Theme: Quest for True Names
Result: http://euske.github.io/github-data-2014/index.html
Challenge announcement: https://github.com/blog/1864-third-annual-github-data-challenge
- What are typical words used for variable names and function names? Answer: we got a list.
- Are they different in different languages? Answer: Yes, they are!
- We can assume nouns are commonly used for variables, and verbs for functions. Is there an interesting connection between them? Answer: Yes, there is!
- Result page: http://euske.github.io/github-data-2014/index.html
- Examine source code in three major languages: C, Java and Python.
- List the names for variables, functions (methods) and types (classes).

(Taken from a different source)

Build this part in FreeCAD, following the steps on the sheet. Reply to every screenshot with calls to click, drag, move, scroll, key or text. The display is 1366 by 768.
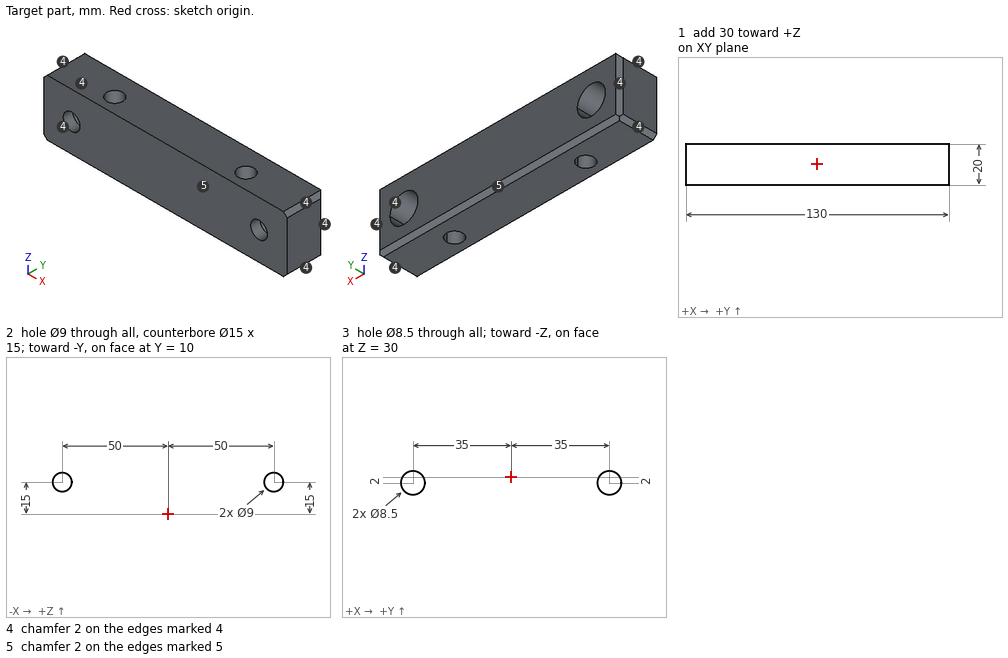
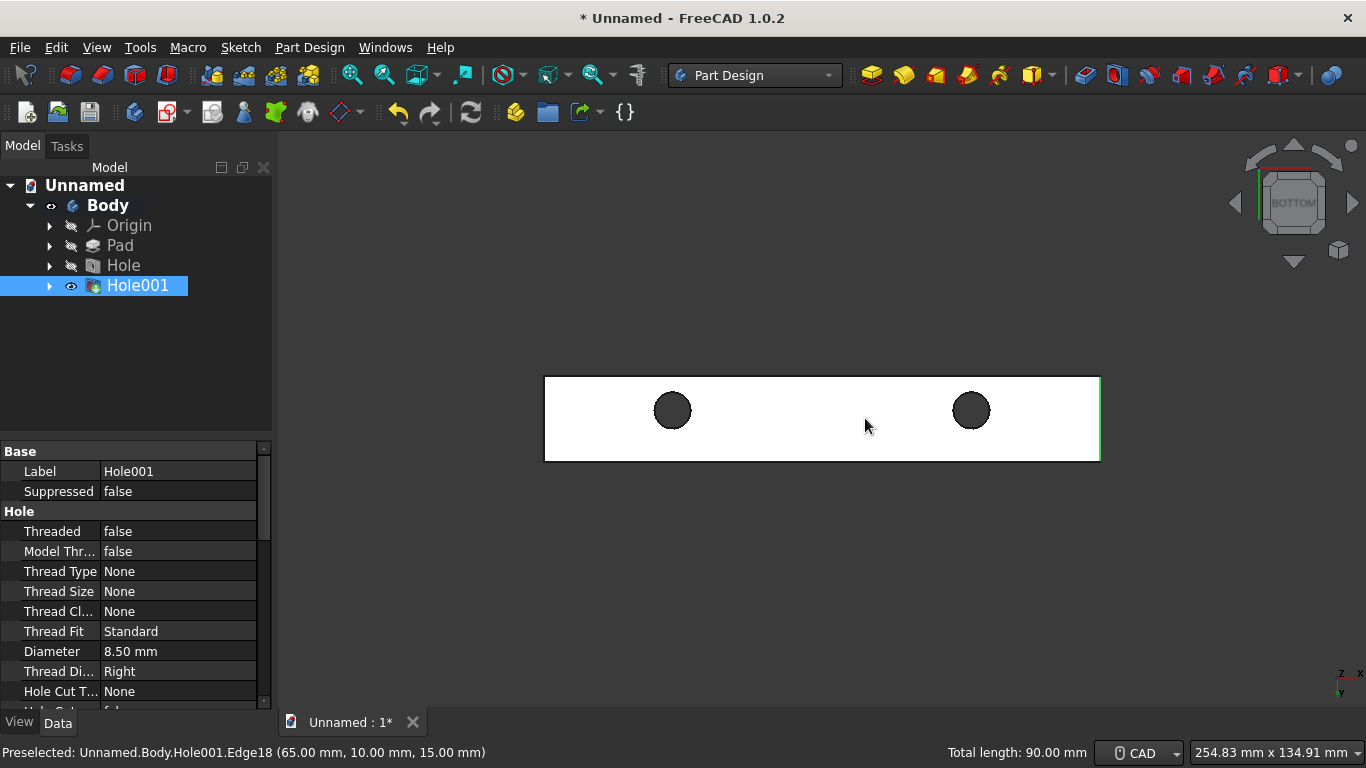
click(544, 418, ctrl)

- Count common words from each list, and see if an interesting statistics emerges.
- Pick the top 100 repositories (in terms of Stars) that are labelled as each language. (via GitHub Search API, cf. https://developer.github.com/v3/search/) [Obtained at Aug. 8, 2014]
- List all the files: (Caveats: We excluded non-ASCII filenames.)
- C: 110,705 files (including header files)
- Java: 94,635 files
- Python: 33,710 files
- Randomly pick files for each language that has reasonable file size. (1KB-100KB)
- C: 7,381 files (80MB in total)
- Java: 7,764 files (53MB in total)
- Python: 5,872 files (56MB in total)
- In order to mitigate the data skewness, we limited the maximum number of files for each repository to 100.
- We used ANTLR4 for C and Java (cf. http://antlr.org), and ast module for Python (cf. https://docs.python.org/2/library/ast.html).
- C Caveats: ANTLR4 cannot handle preprocessor directives,
so we stripped out #defines and #includes from the code.
After all, we're interested in a source code for human readers, not for compilers.
But this left a certain number of non-syntactic C codes.
(e.g.
int func(void *p, EXTRA_ARGS);
) - Python Caveats: Mixture of Python 2 and 3 code. The compiler.ast module handles both pretty well.
- The following names were excluded: one-letter names, "assert" as a function name, and "self" as a variable name (in Python).